After the Joel Plaskett concert we visited a little. He gave me updates on his band. We talked about jazz fest a little. We talked about moving out, and moving in, and our jobs. It was good to catch up, and at the end of it all he said that it was good to finally see me again, and he gave me a hug... which ended up being a little awkward because I was a little suprised. I actually said "oh... okay we're doing that?". Besides the fact that I have no tact sometimes, it was a step in the right direction. Not just for a friendship, but for striving to become a better person. Forgiveness is a powerful thing. I had every intention of ignoring him for eternity, even just a few hours before. All it took was a little Joel Plaskett to save the day.

Which is why I have decided I am going to marry him. No date is set yet, but I will let you know the details as soon as Joel and I discuss them. This will, of course, take place after I meet finally meet him, get him to fall desperatley and passionatltey in love with me, and ultimatley, propose. La Deeeee Da.***

Anyway, work in the morning. Damn the man.
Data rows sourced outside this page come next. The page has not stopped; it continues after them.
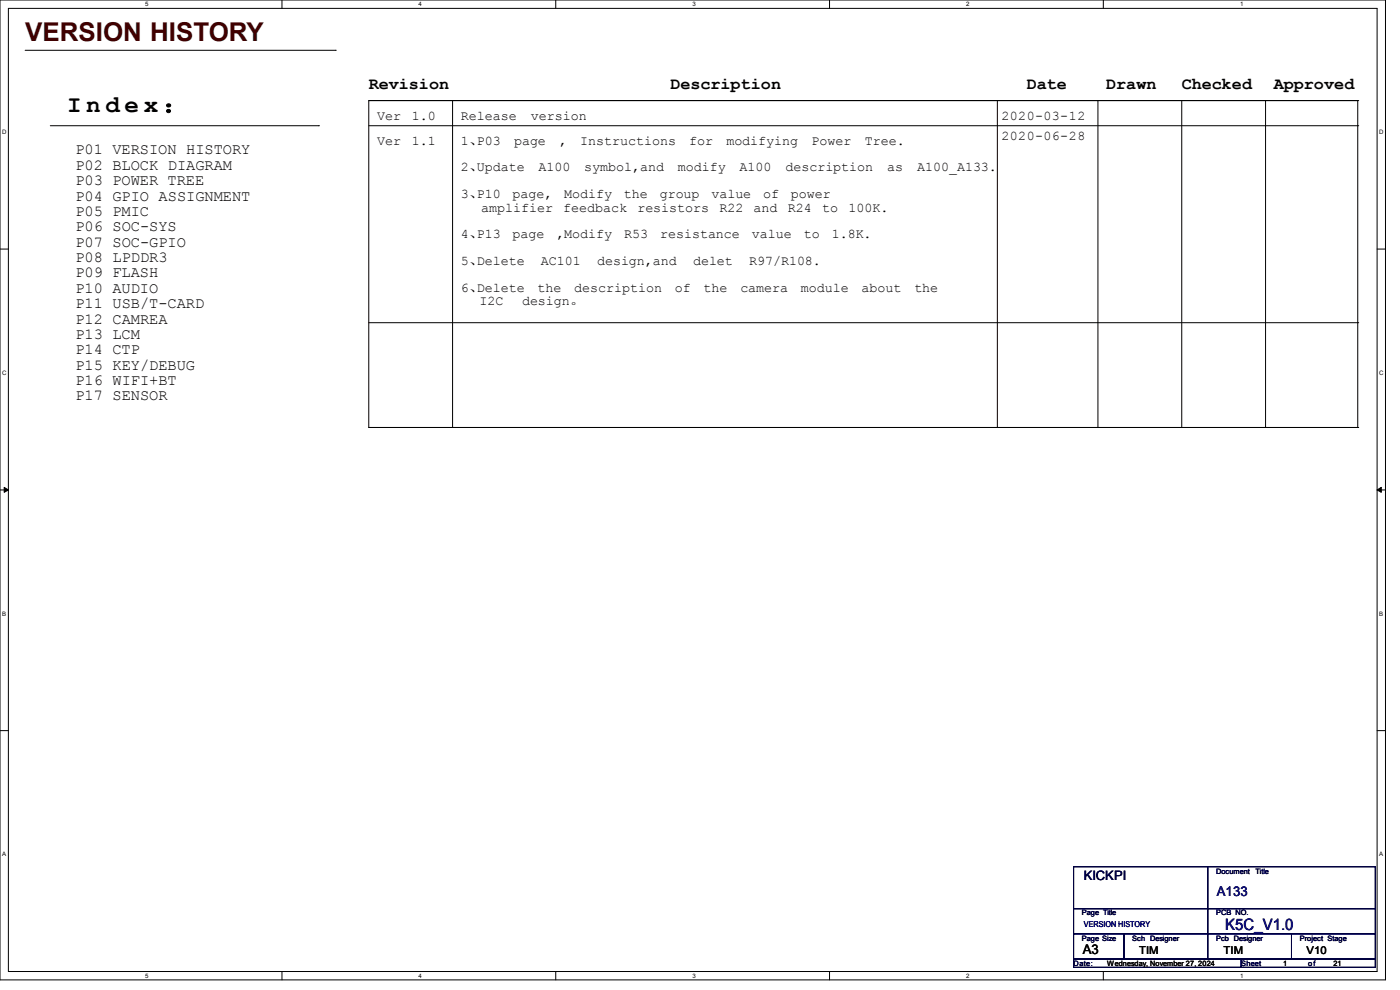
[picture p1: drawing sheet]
<svg xmlns="http://www.w3.org/2000/svg" width="297mm" height="210mm" viewBox="0 0 297 210" stroke-linecap="round" stroke-linejoin="round" font-family="sans-serif">
<defs><g id="words">
<text font-size="5.5" fill="#400000" x="5.3" y="8.7">VERSION HISTORY</text>
<text font-size="5.1" x="14.2" y="23.8">I n d e x ：</text>
<g font-size="3.6">
<text x="78.2" y="18.9">Revision</text>
<text x="142.2" y="18.9">Description</text>
<text x="217.8" y="18.9">Date</text>
<text x="234.7" y="18.9">Drawn</text>
<text x="250.7" y="18.9">Checked</text>
<text x="270.3" y="18.9">Approved</text>
</g>
<g font-size="3.3">
<text x="16" y="32.8">P01 VERSION HISTORY</text>
<text x="16" y="36">P02 BLOCK DIAGRAM</text>
<text x="16" y="39.3">P03 POWER TREE</text>
<text x="16" y="42.5">P04 GPIO ASSIGNMENT</text>
<text x="16" y="45.8">P05 PMIC</text>
<text x="16" y="49.1">P06 SOC-SYS</text>
<text x="16" y="52.3">P07 SOC-GPIO</text>
<text x="16" y="55.6">P08 LPDDR3</text>
<text x="16" y="58.8">P09 FLASH</text>
<text x="16" y="62.1">P10 AUDIO</text>
<text x="16" y="65.4">P11 USB/T-CARD</text>
<text x="16" y="68.6">P12 CAMREA</text>
<text x="16" y="71.9">P13 LCM</text>
<text x="16" y="75.1">P14 CTP</text>
<text x="16" y="78.4">P15 KEY/DEBUG</text>
<text x="16" y="81.7">P16 WIFI+BT</text>
<text x="16" y="84.9">P17 SENSOR</text>
</g>
<text font-size="3.3" fill="#0000a0" x="259.9" y="197.4">K5C_V1.0</text>
<g font-size="2.8">
<text x="80" y="25.4">Ver</text>
<text x="87.4" y="25.4">1.0</text>
<text x="97.8" y="25.4">Release</text>
<text x="112.6" y="25.4">version</text>
<text x="212.5" y="25.4">2020-03-12</text>
<text x="212.5" y="29.8">2020-06-28</text>
<text x="80" y="30.7">Ver</text>
<text x="87.4" y="30.7">1.1</text>
<text x="97.8" y="30.7">1、03</text>
<text x="101.2" y="30.7">P</text>
<text x="109.1" y="30.7">page</text>
<text x="118.6" y="30.7">,</text>
<text x="123.1" y="30.7">Instructions</text>
<text x="146.2" y="30.7">for</text>
<text x="154.1" y="30.7">modifying</text>
<text x="172.2" y="30.7">Power</text>
<text x="183.5" y="30.7">Tree.</text>
<text x="97.8" y="36.4">2、pdate</text>
<text x="101.2" y="36.4">U</text>
<text x="114.3" y="36.4">A100</text>
<text x="124" y="36.4">symbol,and</text>
<text x="143.8" y="36.4">modify</text>
<text x="156.9" y="36.4">A100</text>
<text x="166.6" y="36.4">description</text>
<text x="188.2" y="36.4">as</text>
<text x="194.6" y="36.4">A100_A133.</text>
<text x="97.8" y="42">3、10</text>
<text x="101.2" y="42">P</text>
<text x="102.1" y="44.9">amplifier</text>
<text x="108.8" y="42">page,</text>
<text x="119.5" y="44.9">feedback</text>
<text x="119.7" y="42">Modify</text>
<text x="132.4" y="42">the</text>
<text x="135.2" y="44.9">resistors</text>
<text x="140" y="42">group</text>
<text x="150.9" y="42">value</text>
<text x="152.6" y="44.9">R22</text>
<text x="159.9" y="44.9">and</text>
<text x="161.9" y="42">of</text>
<text x="167.1" y="44.9">R24</text>
<text x="167.8" y="42">power</text>
<text x="174.4" y="44.9">to</text>
<text x="180" y="44.9">100K.</text>
<text x="97.8" y="50.5">4、13</text>
<text x="101.2" y="50.5">P</text>
<text x="108.8" y="50.5">page</text>
<text x="118" y="50.5">,Modify</text>
<text x="132.4" y="50.5">R53</text>
<text x="140" y="50.5">resistance</text>
<text x="159.5" y="50.5">value</text>
<text x="170.5" y="50.5">to</text>
<text x="176.4" y="50.5">1.8K.</text>
<text x="97.8" y="56.2">5、elete</text>
<text x="101.2" y="56.2">D</text>
<text x="114.8" y="56.2">AC101</text>
<text x="126.7" y="56.2">design,and</text>
<text x="147" y="56.2">delet</text>
<text x="158.9" y="56.2">R97/R108.</text>
<text x="97.8" y="61.9">6、elete</text>
<text x="101.2" y="61.9">D</text>
<text x="101.7" y="64.7">I2C</text>
<text x="110.7" y="64.7">design。</text>
<text x="114" y="61.9">the</text>
<text x="121.8" y="61.9">description</text>
<text x="143.2" y="61.9">of</text>
<text x="149.3" y="61.9">the</text>
<text x="157.1" y="61.9">camera</text>
<text x="169.9" y="61.9">module</text>
<text x="182.8" y="61.9">about</text>
<text x="194" y="61.9">the</text>
<text x="229.7" y="202.4">A3</text>
</g>
<text font-size="2.8" fill="#000040" x="229.9" y="186.7">KICKPI</text>
<text font-size="2.8" fill="#000080" x="258.1" y="190.1">A133</text>
<g font-size="2.3">
<text x="241.6" y="202.3">TIM</text>
<text x="259.6" y="202.3">TIM</text>
<text x="277.2" y="202.3">V10</text>
</g>
<text font-size="1.7" fill="#00f" x="230" y="196.6">VERSION HISTORY</text>
<g font-size="1.6" fill="#000040">
<text x="258" y="185.3">Document</text>
<text x="266.4" y="185.3">Title</text>
<text x="229.5" y="194.2">Page Title</text>
<text x="258" y="194.2">PCB NO.</text>
<text x="229.5" y="199.5">Page Size</text>
<text x="240.2" y="199.5">Sch Designer</text>
<text x="258" y="199.5">Pcb Designer</text>
<text x="275.8" y="199.5">Project Stage</text>
<text x="227.8" y="204.9">Date:</text>
<text x="263.3" y="204.9">Sheet</text>
<text x="277.5" y="204.9">o f</text>
</g>
<g font-size="1.6">
<text x="234.9" y="204.9">Wednesday, November 27, 2024</text>
<text x="272.2" y="204.9">1</text>
<text x="282.9" y="204.9">21</text>
</g>
<g font-size="1.3">
<text x="30.8" y="1.3">5</text>
<text x="88.8" y="1.3">4</text>
<text x="146.9" y="1.3">3</text>
<text x="205" y="1.3">2</text>
<text x="263.1" y="1.3">1</text>
<text x=".5" y="28.4">D</text>
<text x="292.6" y="28.4">D</text>
<text x=".5" y="79.5">C</text>
<text x="292.6" y="79.5">C</text>
<text x=".5" y="130.6">B</text>
<text x="292.6" y="130.6">B</text>
<text x=".5" y="181.7">A</text>
<text x="292.6" y="181.7">A</text>
<text x="30.8" y="207.4">5</text>
<text x="88.8" y="207.4">4</text>
<text x="146.9" y="207.4">3</text>
<text x="205" y="207.4">2</text>
<text x="263.1" y="207.4">1</text>
</g>
</g></defs>
<g fill="none" stroke="#000" stroke-width=".21">
<path d="M0 0h293.9v207.9h-293.9zM1.8 1.8h290.3v204.3h-290.3zM5.3 10.7h65.8M59.8 0v1.8M71.1 10.7h.1M117.9 0v1.8M176 0v1.8M234.1 0v1.8M10.7 26.7h56.9M67.6 26.7h.1M78.2 21.3h209.8v69.4h-209.8zM78.2 26.7h209.8"/>
<path d="M78.2 21.3h209.8M96 21.3v69.4M211.6 21.3v69.4M232.9 21.3v69.4M250.7 21.3v69.4M268.5 21.3v69.4M288 21.3h.1M288 26.7h.1M0 52.8h1.8M292.1 52.8h1.8M78.2 68.5h209.8M288 68.5h.1"/>
<path d="M78.2 90.7h209.8M96 90.7h.1M211.6 90.7h.1M232.9 90.7h.1M250.7 90.7h.1M268.5 90.7h.1M288 90.7h.1M0 103.9h1.8M.9 103.4l.9 .5-.9 .5zM292.1 103.9l.9-.5v1zM292.1 103.9h1.8M0 155h1.8"/>
<path d="M292.1 155h1.8M59.8 206.1v1.8M117.9 206.1v1.8M176 206.1v1.8M234.1 206.1v1.8"/>
</g>
<path d="M.9 103.4l.9 .5-.9 .5zM292.1 103.9l.9-.5v1z" fill="#000"/>
<path d="M227.8 183.9h28.4v8.8h-28.4zM227.8 192.7h28.4v5.4h-28.4zM227.8 198.1h10.6v5.3h-10.6zM238.4 198.1h17.8v5.3h-17.8zM256.2 198.1h17.8v5.3h-17.8zM256.2 192.7h35.6v5.4h-35.6zM256.2 183.9h35.6v8.8h-35.6zM274 198.1h17.8v5.3h-17.8zM227.8 203.4h35.5v1.8h-35.5zM263.3 203.4h28.5v1.8h-28.5z" fill="none" stroke="#000040" stroke-width=".21"/>
<use href="#words"/>
</svg>

Song of the day: NonBeliever- Joel Plaskett (aka my future husband)

*** Name of Joel Plaskett's latest album. Check that one out, as well as Truthfully, Truthfully and also the album Clayton Park, which he recorded with his former band, Thrush Hermit. Yes, that is right. THRUSH HERMIT. Word.

1 comment:

EllyzR said...

hey there!
Havent talked to you since band a few years back! Thought i'd drop you a comment to say hey. Its awesome that you are still on the bass. Not that i thought you'd stop ;) Kinda do miss it now. Someday i will be able to hold my own ;) Well hope all is well with you! Take care!